As far as premolars are concerned, the failure rate was rather high, but the smaller number of bonded premolars that were included in the study may make this sample less representative. Nonetheless, the present data suggest that although fixed retainers bonded from premolar to premolar represent 6% of the mandibular retainers placed, they are responsible for 15% of failures. Similarly, for the maxillary arch, fixed retainers bonded from premolar to premolar represent only 5% of the retainers but account for 16% of failures. One should therefore exercise caution when deciding to place fixed retainers extending to the first premolars, with case selection potentially being key. Perhaps to avoid these problems, in clinical situations where it is deemed useful to add the premolars into the fixed retainer, a fixed retainer only to the canines can be prescribed in conjunction with a removable retainer.

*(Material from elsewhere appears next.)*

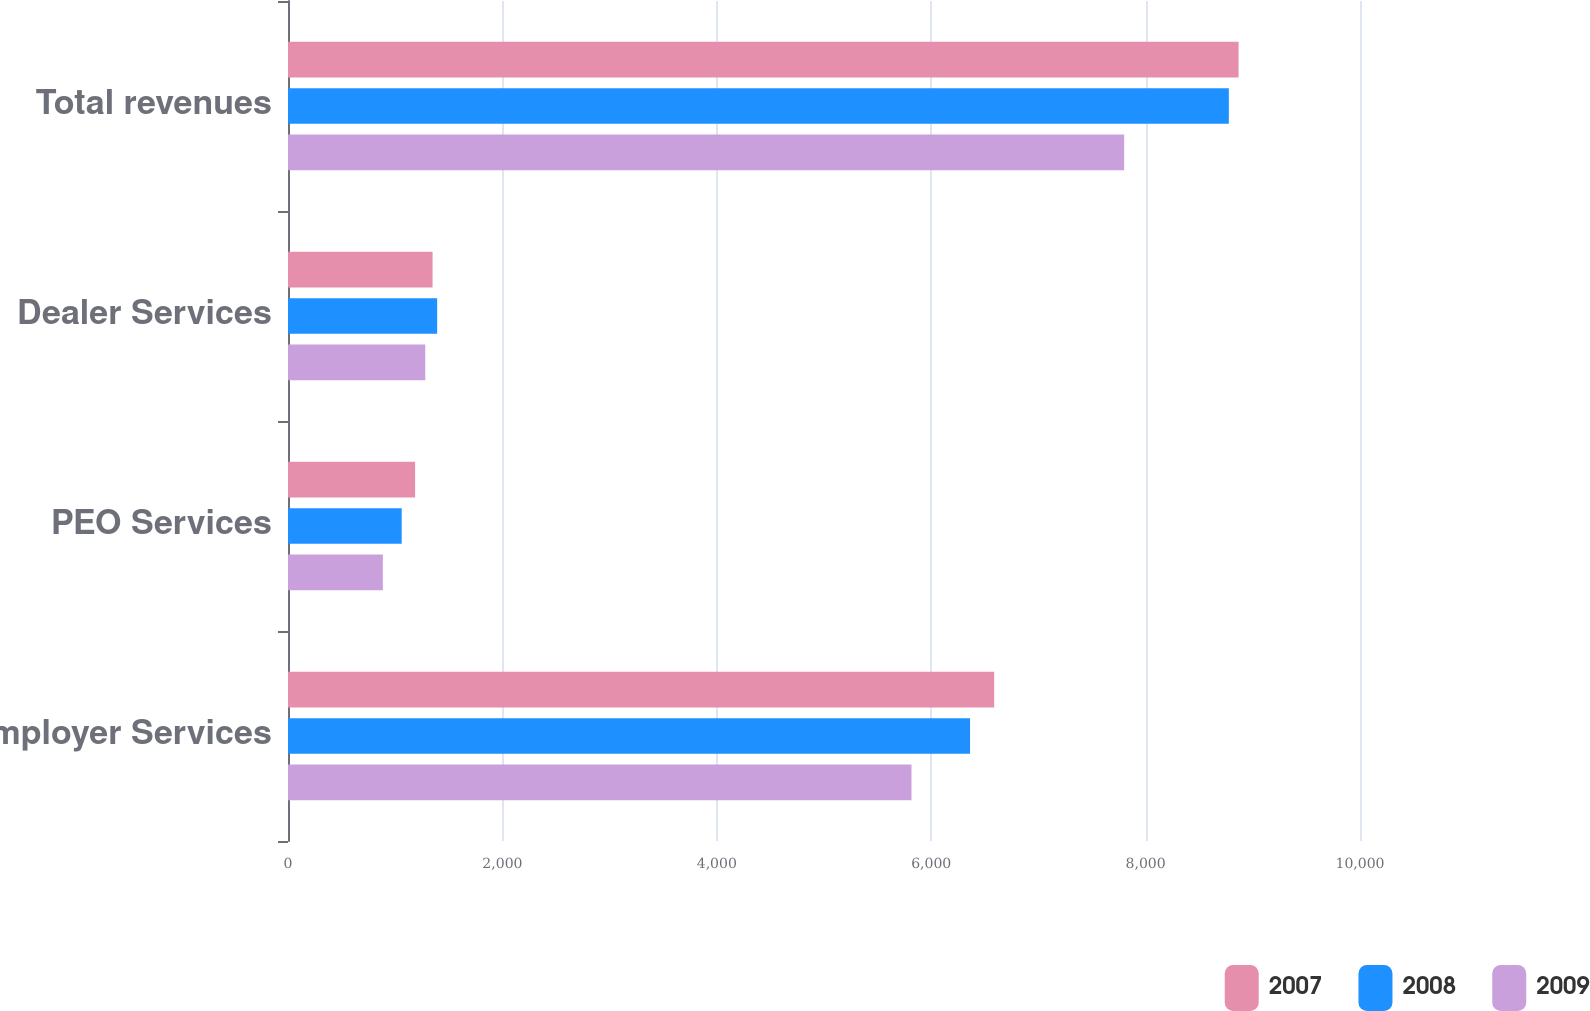<chart> <loc_0><loc_0><loc_500><loc_500><stacked_bar_chart><ecel><fcel>Employer Services<fcel>PEO Services<fcel>Dealer Services<fcel>Total revenues<nl><fcel>2007<fcel>6587.7<fcel>1185.8<fcel>1348.6<fcel>8867.1<nl><fcel>2008<fcel>6362.4<fcel>1060.5<fcel>1391.4<fcel>8776.5<nl><fcel>2009<fcel>5816.3<fcel>884.8<fcel>1280.6<fcel>7800<nl></chart>

The present study has several potential limitations. All fixed retainers were placed by a single experienced operator, which may not reflect general clinical practice and may limit generalisability. Moreover, a substantial number of initially screened patients were excluded due to missing follow-up visits, introducing a potential selection bias toward individuals who are more compliant. Additionally, the sample size for certain subgroups (e.g., fixed retainers extending to premolars) was small, thus reducing the power of the study in this regard. Furthermore, failure assessment was based on clinical observations without standardized indices like Little’s Irregularity Index being used, as the objective of the present study was not to test the ability of the retainer to maintain post-treatment tooth alignment. Finally, as no control group or alternative retainer types were included, comparative effectiveness cannot be inferred.

5. Conclusions

At the 12-month follow-up, CAD/CAM nickel–titanium fixed retainers (Memotain^®) demonstrated almost identical success rates for the mandibular (77%) and maxillary (78%) arches. In the mandibular arch, debonding was the most frequent complication, followed by wire loss and, rarely, breakage. In the maxillary arch, debonding was also the most common event, followed by wire loss, tooth displacement, and breakage. These findings indicate promising clinical performance, with lower mandibular failure rates than those reported in the literature for conventional multistranded retainers, suggesting a potential advantage in enhancing retainer reliability. However, given the divergence in outcomes reported across existing studies, further well-designed, multicentre, and long-term trials are needed to confirm these results and guide clinical recommendations.